Devant l’air perplexe de Robinson, le Dr Morrin expliqua que les Frères des Écoles Chrétiennes (évidemment bien connu et apprécié aujourd’hui) était une communauté qui venait à peine de débarquer au Canada. Les frères étaient des éducateurs très rigoureux qui faisaient déjà beaucoup de bien aux enfants miséreux à Montréal et à Québec. Une nouvelle loi des commissions scolaires avait été édictée quatre ans auparavant en vue de créer un régime scolaire basé sur les paroisses. On voulait mettre en place un système reposant sur les principes religieux mieux adapté aux besoins des ruraux. Le docteur venait d’arriver lorsque le curé de la paroisse fit appel à l’évêque pour qu’il envoie des enseignants catholiques. L’évêque fit pression auprès des Frères des Écoles Chrétiennes pour qu’ils viennent s’installer à Saint-Charles. La paroisse avait prélevé une taxe spéciale auprès des paroissiens afin de faire ajouter un étage à l’école existante. Le deuxième étage serait le lieu de résidence des Frères. Trois d’entre eux venaient tout juste de s’installer au printemps et on avait accueilli en septembre des petits garçons de trois niveaux.

En plus de s’occuper des enfants des paroissiens, les frères avaient adopté quelques garçons handicapés. Ceux-ci logeaient avec eux dans leur résidence au-dessus de l’école.
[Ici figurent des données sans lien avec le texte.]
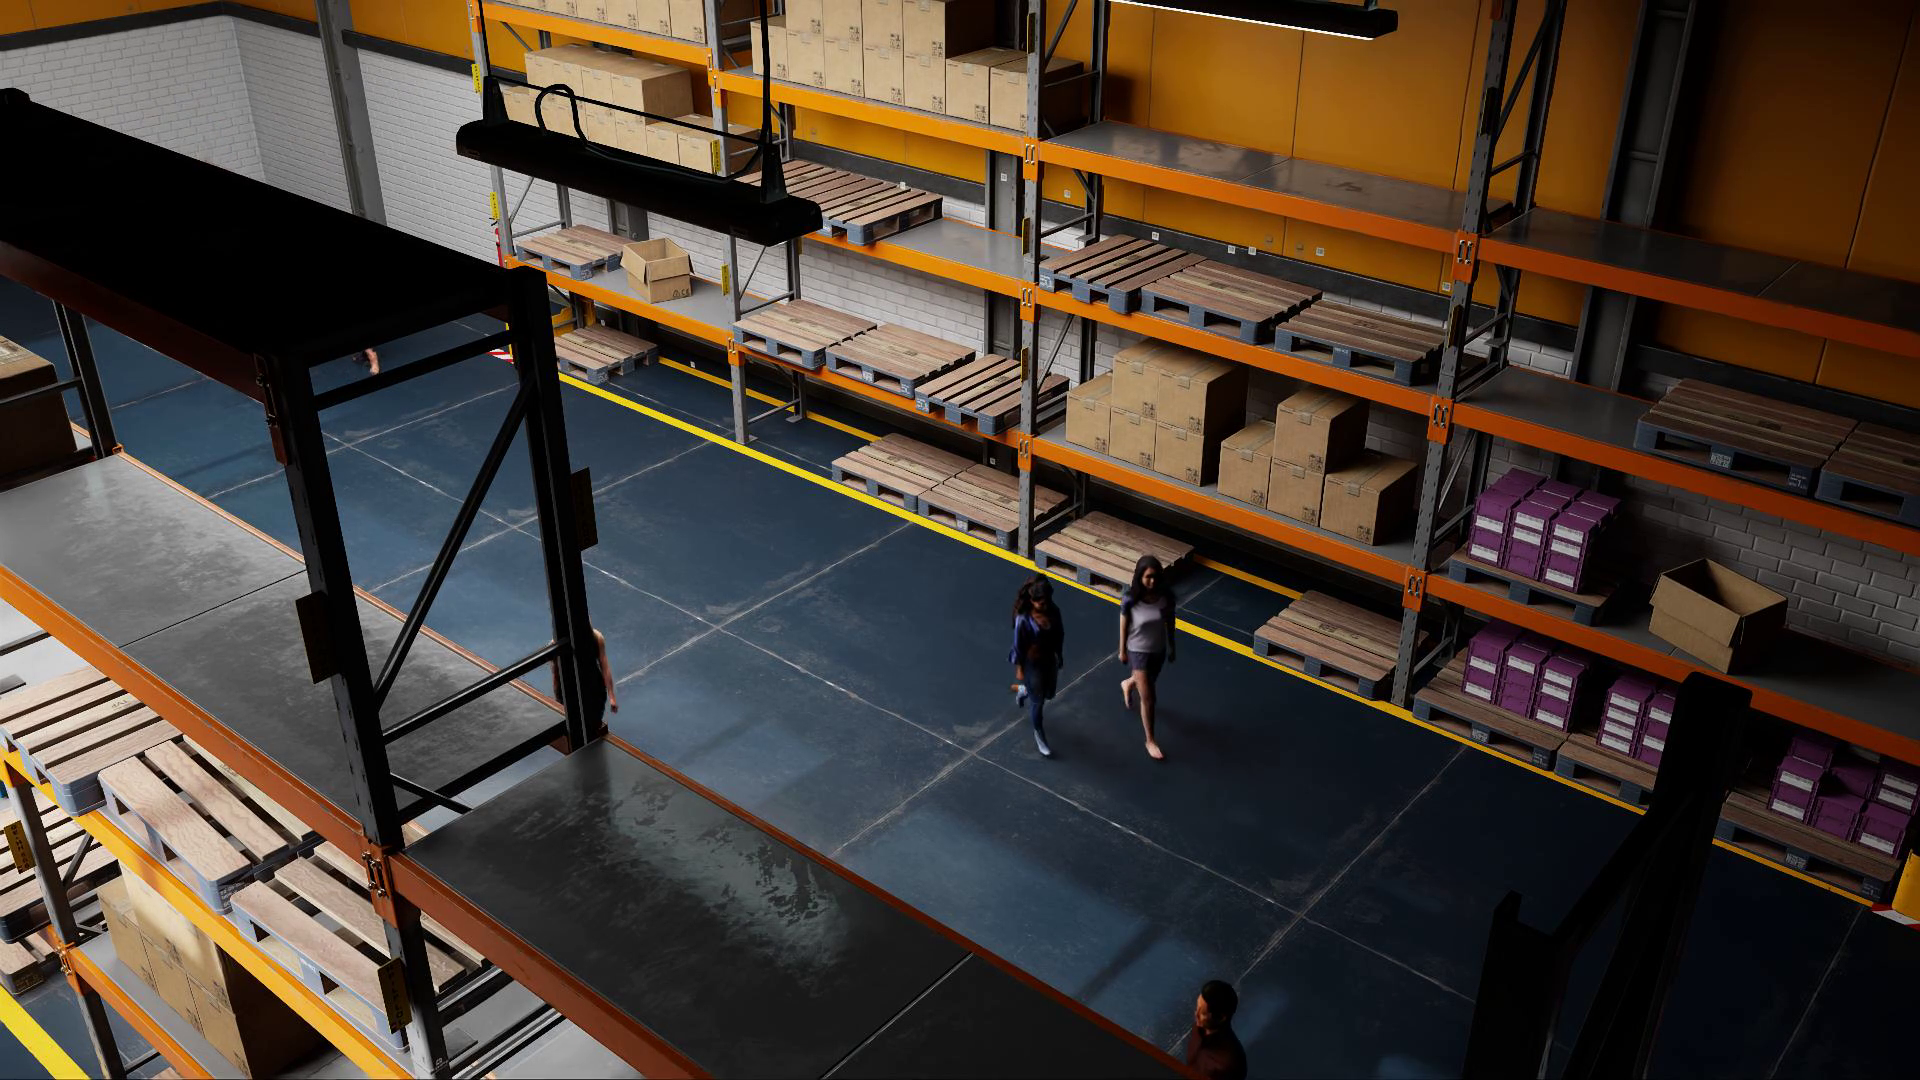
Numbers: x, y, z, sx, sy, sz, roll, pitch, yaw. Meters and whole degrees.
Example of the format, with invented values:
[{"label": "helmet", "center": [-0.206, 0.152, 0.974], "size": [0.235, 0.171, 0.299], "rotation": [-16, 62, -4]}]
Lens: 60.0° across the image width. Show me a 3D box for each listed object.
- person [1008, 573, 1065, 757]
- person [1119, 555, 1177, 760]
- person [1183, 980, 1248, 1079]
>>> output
[{"label": "person", "center": [0.579, 0.937, 13.137], "size": [0.805, 1.612, 0.952], "rotation": [-18, 34, -30]}, {"label": "person", "center": [1.462, 0.837, 13.260], "size": [0.964, 1.669, 1.193], "rotation": [-11, 30, -19]}, {"label": "person", "center": [1.437, 3.093, 9.025], "size": [0.859, 1.764, 0.772], "rotation": [-8, 30, -15]}]
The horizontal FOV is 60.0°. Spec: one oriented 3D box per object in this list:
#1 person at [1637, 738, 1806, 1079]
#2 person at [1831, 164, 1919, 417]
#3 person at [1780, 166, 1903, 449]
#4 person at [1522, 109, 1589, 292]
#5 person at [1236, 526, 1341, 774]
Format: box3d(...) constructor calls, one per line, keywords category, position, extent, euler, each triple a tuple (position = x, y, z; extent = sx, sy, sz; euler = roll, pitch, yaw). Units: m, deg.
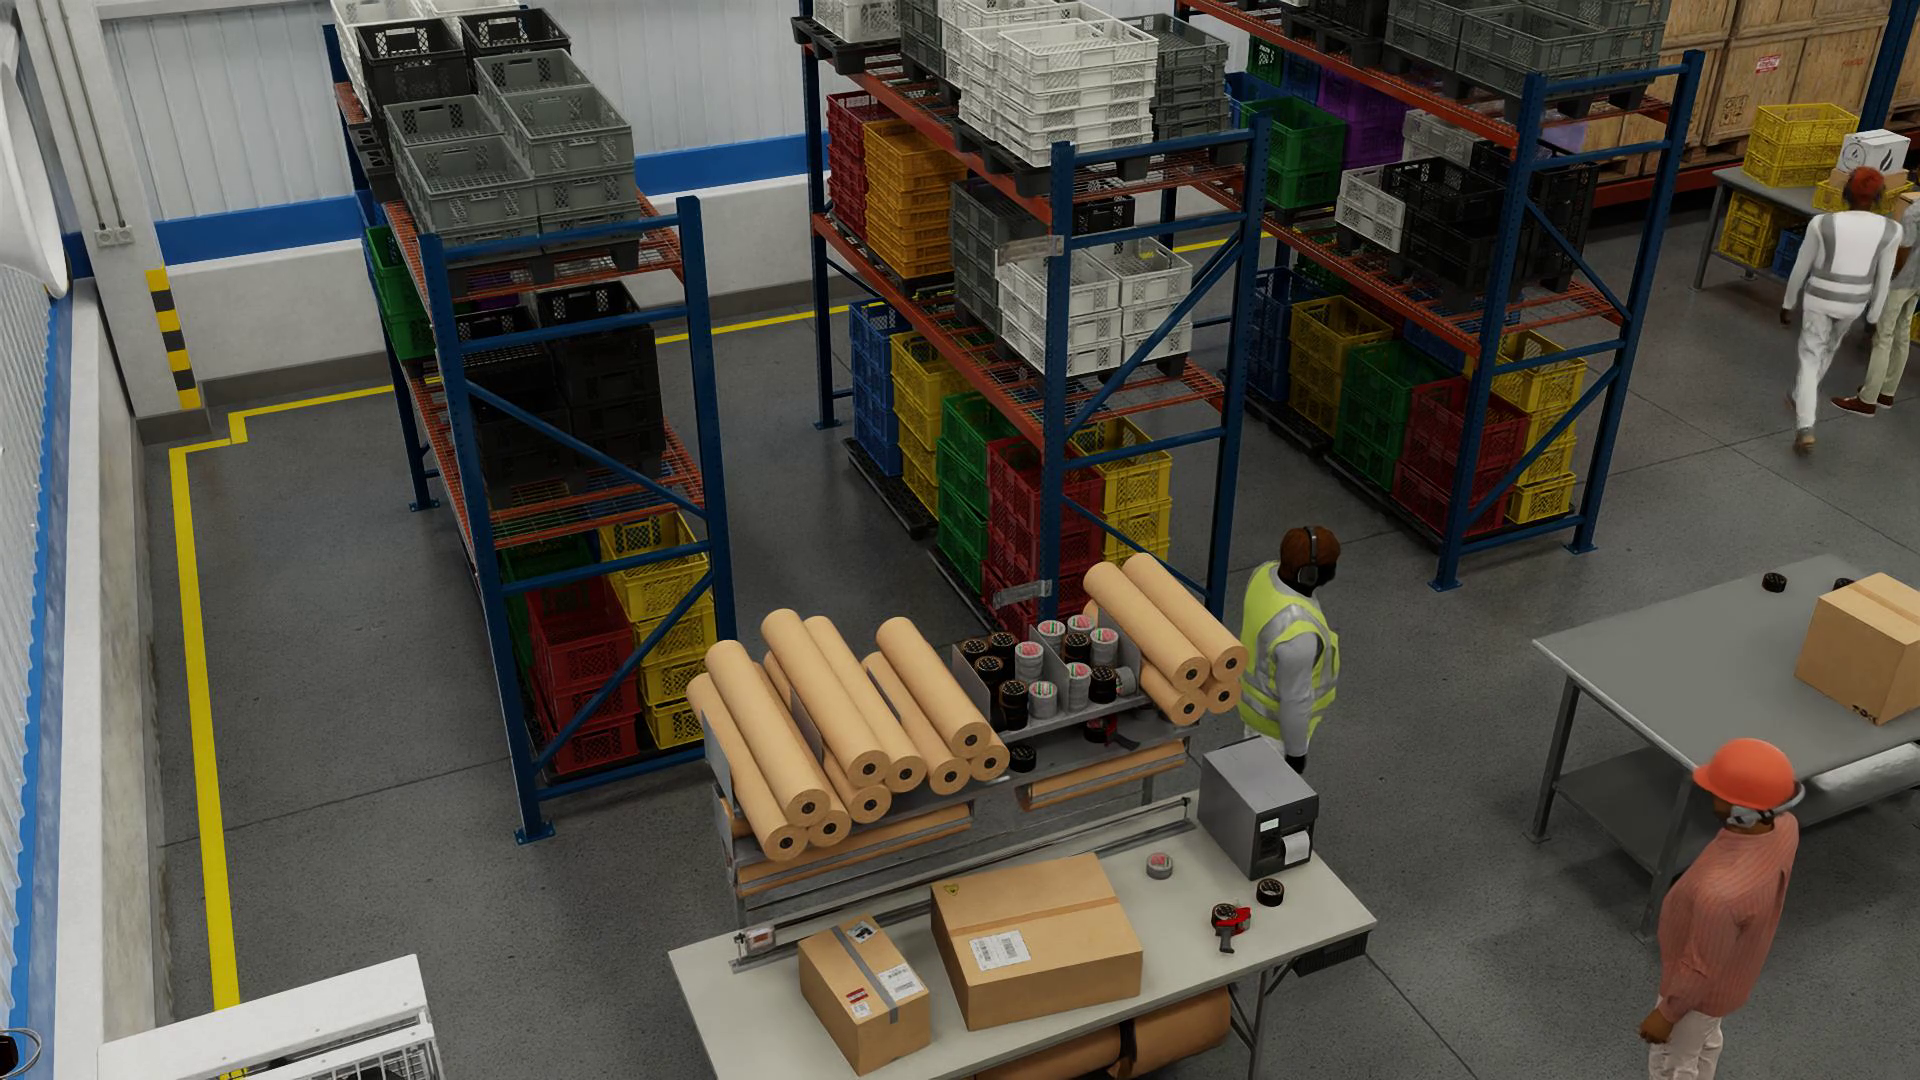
box3d(category="person", position=(2.602, 1.512, 5.859), extent=(0.382, 1.993, 0.609), euler=(24, 39, 34))
box3d(category="person", position=(6.358, -1.733, 11.244), extent=(0.519, 1.873, 0.328), euler=(-17, 35, -25))
box3d(category="person", position=(5.751, -1.529, 10.945), extent=(0.591, 1.848, 0.968), euler=(7, 32, 12))
box3d(category="person", position=(4.652, -2.844, 12.998), extent=(0.452, 1.922, 0.644), euler=(12, 34, 18))
box3d(category="person", position=(1.410, 0.738, 7.270), extent=(0.429, 1.836, 0.631), euler=(-2, 32, -3))

Le jeune irlandais dont parlait Tétrôt était muet. Il n’avait jamais dit un mot depuis qu’il avait été trouvé errant dans les rues du village il y a deux ans. Il avait maintenant seize ans. Tétrôt continua.

– Je pense qu’il faudrait aller fouiller dans sa chambre. Il y cache peut-être son butin.

– C’est une idée, dit Robinson. J’irai dès demain matin.

Tétrôt s’attendit peut-être à ce que Robinson lui demande de l’accompagner. Après tout, n’avait-il pas découvert le coupable ? Or, lorsqu’il comprit que Robinson n’en ferait rien, il prit son air le plus renfrogné tout en continuant à vider plusieurs verres de liqueur. Robinson de son côté ne semblait pas convaincu de la culpabilité du jeune irlandais, cela me sembla évident. Mais comme il ne fallait écarter aucune piste comme il me le disait souvent, il accepta de faire cette démarche.

La fin de la soirée se termina par quelques commentaires banals et nous sommes repartis de notre côté en promettant au Dr Morrin de le tenir au courant.